MAXXI honors Elisabetta Catalano with intimate tribute to a visionary of Italian photography
The First Art Newspaper on the Net    Established in 1996 Sunday, November 30, 2025


MAXXI honors Elisabetta Catalano with intimate tribute to a visionary of Italian photography
Marisa Merz - ritratto con Mario, Eliseo Mattiacci e Michelle Coudray, Quadriennale di Roma 1973. Foto di Elisabetta Catalano. Courtesy Fondazione MAXXI.



ROME.- A decade after the death of celebrated photographer Elisabetta Catalano (1944–2015), Rome’s MAXXI – National Museum of 21st Century Arts – is commemorating her legacy with a focused exhibition, Elisabetta Catalano. The Lens on Artists. The show offers a heartfelt tribute to a woman whose camera shaped the visual identity of contemporary Italian art.

The exhibition brings together sixteen prints, both vintage and contemporary, recently added to the museum’s collection through the 2023 Strategia Fotografia public program, supported by Italy’s Ministry of Culture. Though modest in scale, the display feels expansive in spirit: each photograph opens a window onto the creative pulse of the late 20th century, capturing not only faces but the atmosphere of an entire artistic era.

Catalano was known for her unique approach to portraiture—a blend of quiet psychological depth and an unmistakable sense of creative energy. Her photographs reveal the joy and tension of artistic creation, depicting figures at moments when thought and gesture coalesce into vision. With her attentive, empathetic eye, she documented the defining voices of her time, becoming herself a cultural witness whose images helped construct the visual memory of contemporary art.

Among the many artists who stood before her lens were Carla Accardi, Alighiero Boetti, Enzo Cucchi, Francesco Clemente, Gino De Dominicis, Luciano Fabro, Marisa and Mario Merz, Michelangelo Pistoletto, and Lawrence Weiner—a testament to her central place within the art world’s inner circles.
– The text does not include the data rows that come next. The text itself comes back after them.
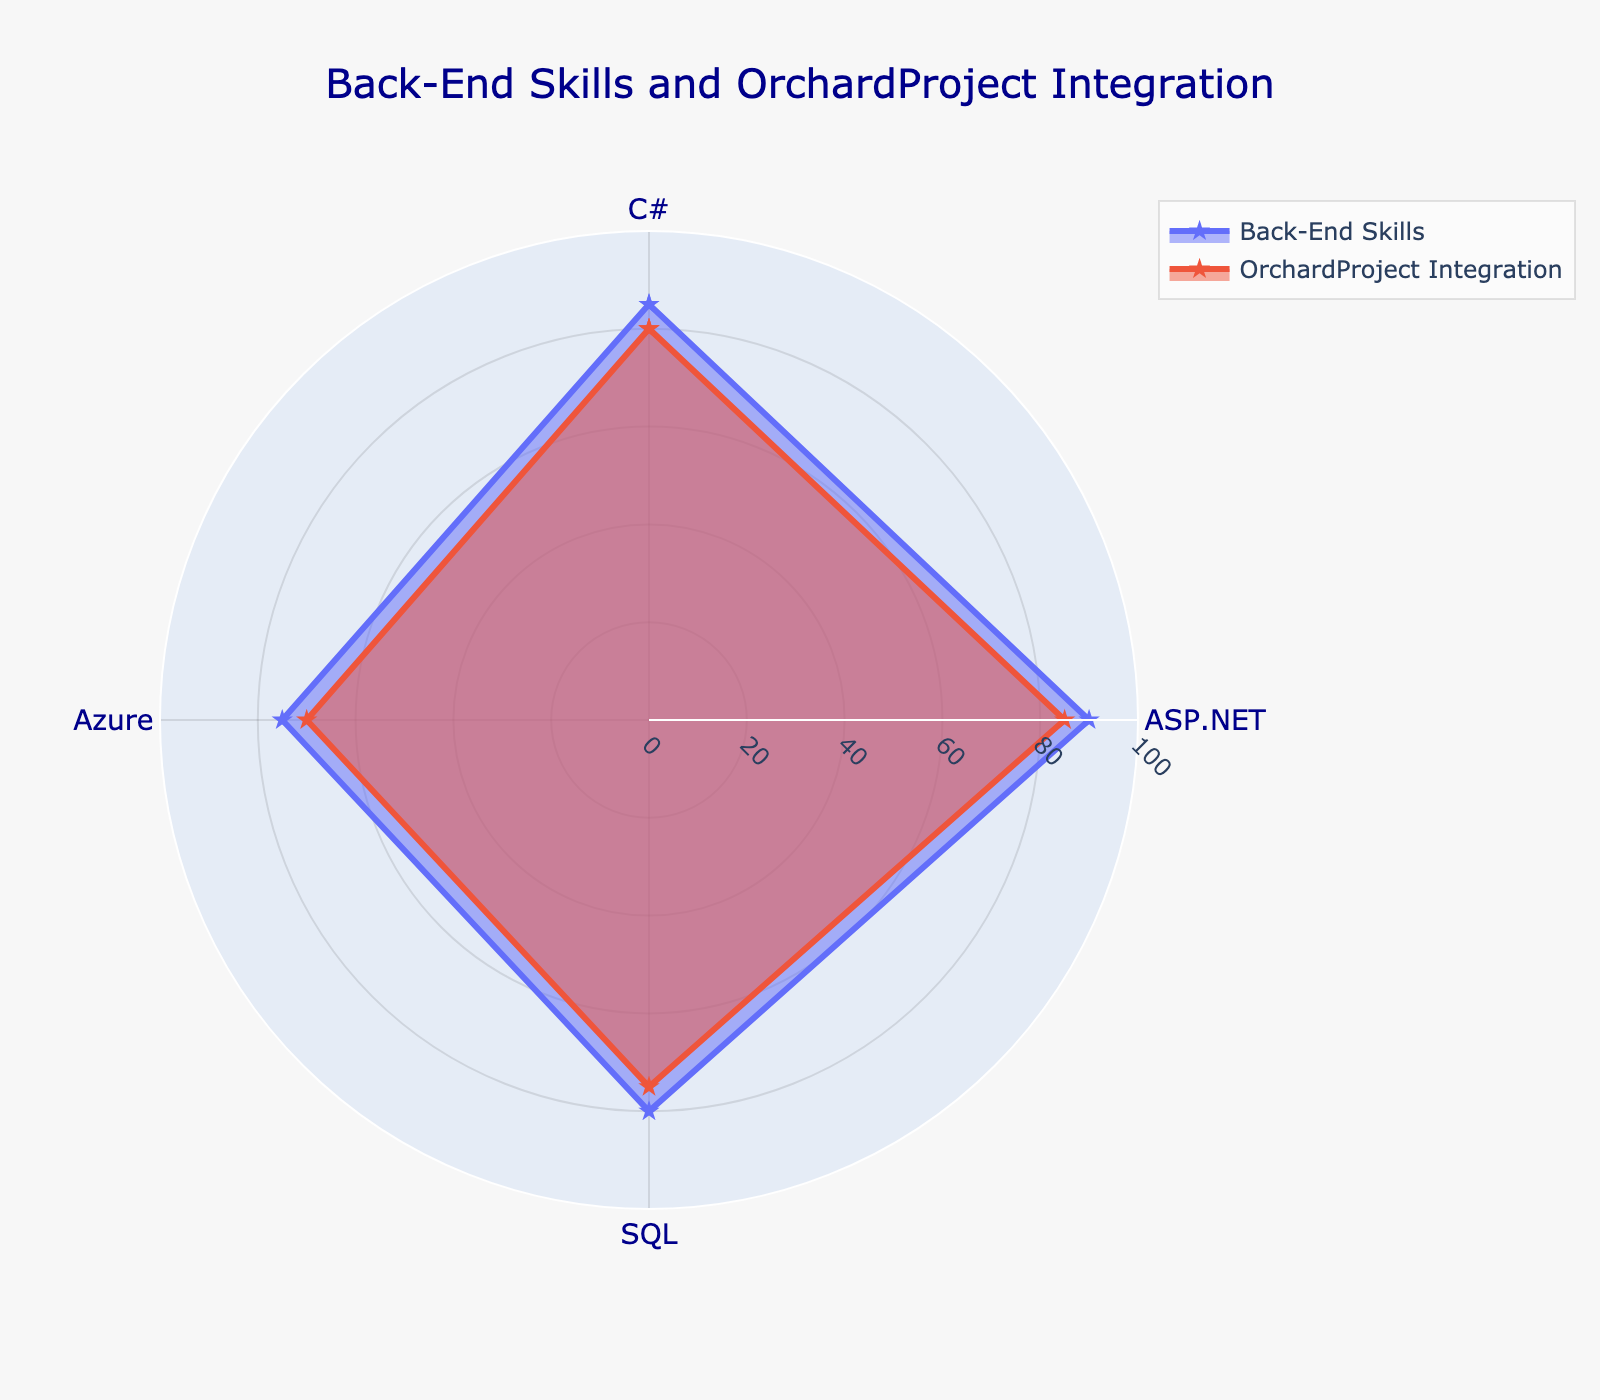What is the title of the radar chart? The title of the radar chart is positioned at the top and is generally a descriptive phrase summarizing the data being presented. In this case, the title combines information about the skills being assessed and the context of the OrchardProject.
Answer: "Back-End Skills and OrchardProject Integration" What is the proficiency in ASP.NET for Back-End Skills? The proficiency in ASP.NET for Back-End Skills is shown as a data point on the radar chart. By looking at the figure, you can find the value associated with ASP.NET in the Back-End Skills category.
Answer: 90 Which category has higher proficiency in C#, Back-End Skills or OrchardProject Integration? To determine which category has higher proficiency in C# between Back-End Skills and OrchardProject Integration, find the values for C# in both categories and compare them. Back-End Skills has a proficiency of 85, while OrchardProject Integration has a proficiency of 80.
Answer: Back-End Skills What is the range of the radial axis? The range of the radial axis is indicated on the radar chart, often showing the minimum and maximum values that the plot can represent. In this case, it ranges from 0 to 100.
Answer: 0 to 100 Which skill has the lowest proficiency in the OrchardProject Integration category? To identify the skill with the lowest proficiency in the OrchardProject Integration category, look at the values for each skill within this category and find the minimum. The lowest proficiency is in Azure with a value of 70.
Answer: Azure What is the sum of proficiency values for SQL across both categories? Sum the proficiency values for SQL in the Back-End Skills and OrchardProject Integration categories. For Back-End Skills, SQL is 80, and for OrchardProject Integration, it is 75. The sum is 80 + 75 = 155.
Answer: 155 What is the average proficiency of Azure across both categories? To find the average proficiency of Azure across both categories, add the values for Azure in each category and divide by the number of categories. The values are 75 (Back-End Skills) and 70 (OrchardProject Integration), so the calculation is (75 + 70) / 2 = 72.5.
Answer: 72.5 How does the proficiency in SQL compare between Back-End Skills and OrchardProject Integration? To compare the proficiency in SQL between the two categories, look at the values for each. Back-End Skills has a proficiency of 80 in SQL, while OrchardProject Integration has a proficiency of 75. This means Back-End Skills has a higher proficiency in SQL by 5 points.
Answer: Back-End Skills is higher Which category shows a more balanced proficiency across all skills? To determine which category shows a more balanced proficiency across all skills, look at the consistency of the values around the radar chart. A category with values that are more equal or less varied would be considered more balanced. In this case, OrchardProject Integration shows more balance as the proficiencies are closer together compared to Back-End Skills.
Answer: OrchardProject Integration What is the proficiency difference in ASP.NET between the two categories? Calculate the proficiency difference in ASP.NET between Back-End Skills (90) and OrchardProject Integration (85) by subtracting the smaller value from the larger one. The difference is 90 - 85 = 5.
Answer: 5 
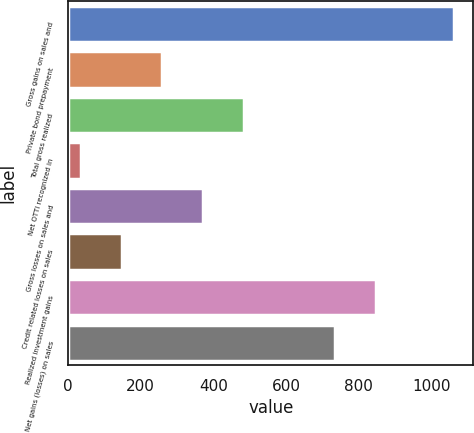<chart> <loc_0><loc_0><loc_500><loc_500><bar_chart><fcel>Gross gains on sales and<fcel>Private bond prepayment<fcel>Total gross realized<fcel>Net OTTI recognized in<fcel>Gross losses on sales and<fcel>Credit related losses on sales<fcel>Realized investment gains<fcel>Net gains (losses) on sales<nl><fcel>1063<fcel>259.6<fcel>483.2<fcel>36<fcel>371.4<fcel>147.8<fcel>847.8<fcel>736<nl></chart> 
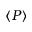<formula> <loc_0><loc_0><loc_500><loc_500>\left < P \right ></formula>

The exhibition pairs Catalano’s official portraits with contact sheets from the Elisabetta Catalano Archive, allowing visitors to trace her meticulous working process. Each frame reveals an intimate choreography of exchanged glances, subtle adjustments, and mutual trust. It is in these quiet, concentrated encounters that her most enduring images emerged.

For MAXXI, the show also marks an important expansion of its holdings. Catalano is already represented in the museum’s collection with portraits of Gilbert & George, vintage prints donated in 2019, and five artist portraits held in the Architecture and Contemporary Design Photography Collection. The newly acquired works deepen this presence, reaffirming her role as one of Italy’s most significant photographic voices.

Presented in collaboration with the Elisabetta Catalano Archive, the exhibition stands as both a celebration and a rediscovery—a reminder of an artist who captured the soul of an era with clarity, empathy, and enduring elegance.